===== DATA SUPPLIED
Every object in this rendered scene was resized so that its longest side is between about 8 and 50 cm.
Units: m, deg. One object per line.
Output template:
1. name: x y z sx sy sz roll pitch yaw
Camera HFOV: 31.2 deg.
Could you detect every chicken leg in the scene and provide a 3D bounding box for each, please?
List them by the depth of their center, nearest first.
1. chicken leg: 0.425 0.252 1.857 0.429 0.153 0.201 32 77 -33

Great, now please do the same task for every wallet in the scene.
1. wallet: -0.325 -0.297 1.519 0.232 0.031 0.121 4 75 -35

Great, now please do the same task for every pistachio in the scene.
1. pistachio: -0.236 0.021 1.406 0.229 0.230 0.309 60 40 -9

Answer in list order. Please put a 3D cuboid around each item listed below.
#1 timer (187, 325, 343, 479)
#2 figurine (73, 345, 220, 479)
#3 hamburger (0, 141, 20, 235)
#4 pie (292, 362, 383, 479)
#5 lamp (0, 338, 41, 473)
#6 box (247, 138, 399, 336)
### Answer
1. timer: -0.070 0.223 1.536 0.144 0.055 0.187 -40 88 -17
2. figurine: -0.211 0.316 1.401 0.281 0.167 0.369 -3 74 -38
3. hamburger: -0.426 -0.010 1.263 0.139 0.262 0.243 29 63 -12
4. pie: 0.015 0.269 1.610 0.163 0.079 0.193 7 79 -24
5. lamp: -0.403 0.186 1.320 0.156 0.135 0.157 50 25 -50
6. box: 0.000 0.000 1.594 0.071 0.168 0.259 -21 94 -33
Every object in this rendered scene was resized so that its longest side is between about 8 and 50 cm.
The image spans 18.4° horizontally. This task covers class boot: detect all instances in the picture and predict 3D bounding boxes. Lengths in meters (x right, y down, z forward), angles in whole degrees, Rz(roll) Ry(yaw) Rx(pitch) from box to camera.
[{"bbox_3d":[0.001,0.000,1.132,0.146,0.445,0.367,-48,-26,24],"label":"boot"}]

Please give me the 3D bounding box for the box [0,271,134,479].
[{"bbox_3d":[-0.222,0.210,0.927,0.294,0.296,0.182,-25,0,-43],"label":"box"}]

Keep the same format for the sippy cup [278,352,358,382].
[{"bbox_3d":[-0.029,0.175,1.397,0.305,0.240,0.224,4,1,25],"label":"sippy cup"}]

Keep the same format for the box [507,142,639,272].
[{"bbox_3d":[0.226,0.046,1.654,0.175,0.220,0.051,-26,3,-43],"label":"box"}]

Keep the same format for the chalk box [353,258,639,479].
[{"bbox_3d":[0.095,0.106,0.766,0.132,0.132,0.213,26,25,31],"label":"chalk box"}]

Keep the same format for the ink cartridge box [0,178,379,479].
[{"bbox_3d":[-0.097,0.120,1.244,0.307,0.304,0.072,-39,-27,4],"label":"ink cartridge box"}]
==========
- **YOUR INSTRUCTIONS**: Extract all of the data exactly as written.

- **COMPLETED TASK**:
Every object in this rendered scene was resized so that its longest side is between about 8 and 50 cm.
Units: m, deg. One object per line.
Output template:
1. name: x y z sx sy sz roll pitch yaw
Camera HFOV: 31.2 deg.
Could you detect every chicken leg in the scene and provide a 3D bounding box for each, please?
List them by the depth of their center, nearest first.
1. chicken leg: 0.425 0.252 1.857 0.429 0.153 0.201 32 77 -33

Great, now please do the same task for every wallet in the scene.
1. wallet: -0.325 -0.297 1.519 0.232 0.031 0.121 4 75 -35

Great, now please do the same task for every pistachio in the scene.
1. pistachio: -0.236 0.021 1.406 0.229 0.230 0.309 60 40 -9

Answer in list order. Please put a 3D cuboid around each item listed below.
#1 timer (187, 325, 343, 479)
#2 figurine (73, 345, 220, 479)
#3 hamburger (0, 141, 20, 235)
#4 pie (292, 362, 383, 479)
#5 lamp (0, 338, 41, 473)
#6 box (247, 138, 399, 336)
### Answer
1. timer: -0.070 0.223 1.536 0.144 0.055 0.187 -40 88 -17
2. figurine: -0.211 0.316 1.401 0.281 0.167 0.369 -3 74 -38
3. hamburger: -0.426 -0.010 1.263 0.139 0.262 0.243 29 63 -12
4. pie: 0.015 0.269 1.610 0.163 0.079 0.193 7 79 -24
5. lamp: -0.403 0.186 1.320 0.156 0.135 0.157 50 25 -50
6. box: 0.000 0.000 1.594 0.071 0.168 0.259 -21 94 -33
Every object in this rendered scene was resized so that its longest side is between about 8 and 50 cm.
The image spans 18.4° horizontally. This task covers class boot: detect all instances in the picture and predict 3D bounding boxes. Lengths in meters (x right, y down, z forward), angles in whole degrees, Rz(roll) Ry(yaw) Rx(pitch) from box to camera.
[{"bbox_3d":[0.001,0.000,1.132,0.146,0.445,0.367,-48,-26,24],"label":"boot"}]

Please give me the 3D bounding box for the box [0,271,134,479].
[{"bbox_3d":[-0.222,0.210,0.927,0.294,0.296,0.182,-25,0,-43],"label":"box"}]

Keep the same format for the sippy cup [278,352,358,382].
[{"bbox_3d":[-0.029,0.175,1.397,0.305,0.240,0.224,4,1,25],"label":"sippy cup"}]

Keep the same format for the box [507,142,639,272].
[{"bbox_3d":[0.226,0.046,1.654,0.175,0.220,0.051,-26,3,-43],"label":"box"}]

Keep the same format for the chalk box [353,258,639,479].
[{"bbox_3d":[0.095,0.106,0.766,0.132,0.132,0.213,26,25,31],"label":"chalk box"}]

Keep the same format for the ink cartridge box [0,178,379,479].
[{"bbox_3d":[-0.097,0.120,1.244,0.307,0.304,0.072,-39,-27,4],"label":"ink cartridge box"}]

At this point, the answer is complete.